136 Scopus citations


Purpose: Both paclitaxel and carboplatin have single-agent activity against carcinoma of the urothelium. We evaluated the combination of paclitaxel and carboplatin in the treatment of advanced cancers of the urothelium. Patients and Methods: Patients with cancers of the urothelium who had no prior chemotherapy (prior adjuvant chemotherapy > 6 months allowed) were eligible for treatment. Eligibility requirements were performance status of 2 or less, creatinine level less than 2.0 mg/dL, granulocyte count (AGC) 1,500/μL or greater, platelet count 100,000/μL or greater, and total bilirubin level less than 1.5 mg/dL. Paclitaxel 200 mg/m2 followed by carboplatin (area under the curve [AUC] 5, Calvert formula) were administered every 21 days.

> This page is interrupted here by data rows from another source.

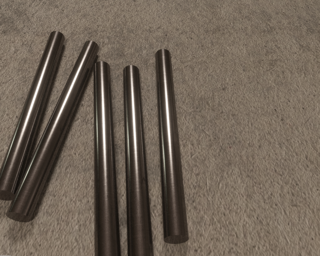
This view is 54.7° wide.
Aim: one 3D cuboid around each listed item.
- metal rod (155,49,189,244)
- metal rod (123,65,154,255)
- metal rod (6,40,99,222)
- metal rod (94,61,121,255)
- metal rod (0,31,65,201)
[{"bbox_3d":[0.011,-0.003,0.405,0.025,0.025,0.300,-1,50,-2],"label":"metal rod"},{"bbox_3d":[-0.030,0.028,0.379,0.025,0.025,0.300,-4,50,-4],"label":"metal rod"},{"bbox_3d":[-0.131,-0.021,0.418,0.025,0.025,0.300,5,50,4],"label":"metal rod"},{"bbox_3d":[-0.069,0.020,0.385,0.025,0.025,0.300,-6,50,-5],"label":"metal rod"},{"bbox_3d":[-0.173,-0.041,0.435,0.025,0.025,0.300,-1,50,-1],"label":"metal rod"}]
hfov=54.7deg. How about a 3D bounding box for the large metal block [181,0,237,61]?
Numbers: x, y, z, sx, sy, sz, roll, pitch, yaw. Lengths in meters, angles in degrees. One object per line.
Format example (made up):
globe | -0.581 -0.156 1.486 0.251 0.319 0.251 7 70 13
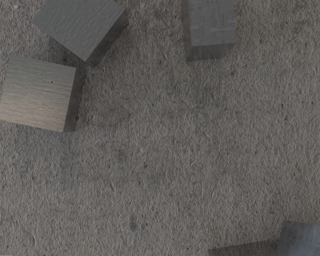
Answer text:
large metal block | 0.057 -0.132 0.383 0.050 0.080 0.080 -5 90 0

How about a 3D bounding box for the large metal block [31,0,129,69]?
large metal block | -0.098 -0.135 0.396 0.080 0.050 0.080 37 90 0

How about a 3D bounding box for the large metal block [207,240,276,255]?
large metal block | 0.111 0.200 0.398 0.080 0.050 0.080 -9 90 0

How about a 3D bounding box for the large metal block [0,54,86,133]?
large metal block | -0.148 -0.042 0.396 0.080 0.050 0.080 12 90 0

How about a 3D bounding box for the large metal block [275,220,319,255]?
large metal block | 0.182 0.167 0.370 0.080 0.050 0.080 37 64 -28
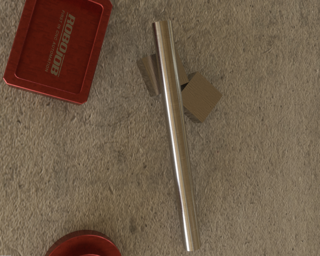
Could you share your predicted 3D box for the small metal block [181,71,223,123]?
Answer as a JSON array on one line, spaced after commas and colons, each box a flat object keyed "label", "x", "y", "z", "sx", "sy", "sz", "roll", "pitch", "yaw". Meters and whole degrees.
[{"label": "small metal block", "x": 0.050, "y": -0.042, "z": 0.429, "sx": 0.050, "sy": 0.025, "sz": 0.050, "roll": 41, "pitch": 77, "yaw": -16}]

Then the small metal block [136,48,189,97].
[{"label": "small metal block", "x": 0.004, "y": -0.074, "z": 0.411, "sx": 0.050, "sy": 0.025, "sz": 0.050, "roll": -25, "pitch": 98, "yaw": -19}]

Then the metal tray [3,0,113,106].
[{"label": "metal tray", "x": -0.117, "y": -0.100, "z": 0.363, "sx": 0.091, "sy": 0.030, "sz": 0.129, "roll": 15, "pitch": 85, "yaw": -20}]

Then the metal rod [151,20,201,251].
[{"label": "metal rod", "x": 0.023, "y": 0.018, "z": 0.400, "sx": 0.025, "sy": 0.025, "sz": 0.298, "roll": -12, "pitch": 101, "yaw": -20}]

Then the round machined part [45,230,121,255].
[{"label": "round machined part", "x": -0.091, "y": 0.176, "z": 0.367, "sx": 0.099, "sy": 0.042, "sz": 0.097, "roll": 0, "pitch": 90, "yaw": -21}]
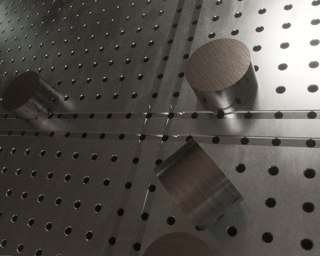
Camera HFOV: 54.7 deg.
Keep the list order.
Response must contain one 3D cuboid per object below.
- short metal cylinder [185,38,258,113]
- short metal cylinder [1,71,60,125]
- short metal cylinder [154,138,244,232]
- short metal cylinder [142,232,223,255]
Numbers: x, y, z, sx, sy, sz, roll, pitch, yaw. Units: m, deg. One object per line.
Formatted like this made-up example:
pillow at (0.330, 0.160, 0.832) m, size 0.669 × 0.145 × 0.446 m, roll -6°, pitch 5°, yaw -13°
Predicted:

Patients were evaluated for toxicity weekly and assessed for response every 6 weeks. Results: Thirty-six patients were entered onto the study and 35 patients were assessable for response. A total of 184 cycles were administered (median, six cycles per patients). Nine patients required one dose reduction, and seven patients required two dose reductions for a nadir AGC less than 500/μL, with only one episode of febrile neutropenia and sepsis. Myalgias and arthralgias of grades 1 to 2 occurred in 16 patients and usually lasted 2 to 3 days after treatment. There were no treatment delays because of toxicity. There were 18 responses; seven complete responses (CRs) and 11 partial responses (PRs) (response rate 51.5%; 95% confidense interval, 35 to 68). Median response durations for CR and PR were 6 and 4 months, respectively. Overall median survival was 9.5 months. Conclusions: The combination of paclitaxel and carboplatin is an active and well-tolerated regimen for the treatment of advanced urothelial carcinoma. Because of the modest toxicity of this combination, paclitaxel and carboplatin should be considered for addition, to other agents with activity in urothelial carcinomas.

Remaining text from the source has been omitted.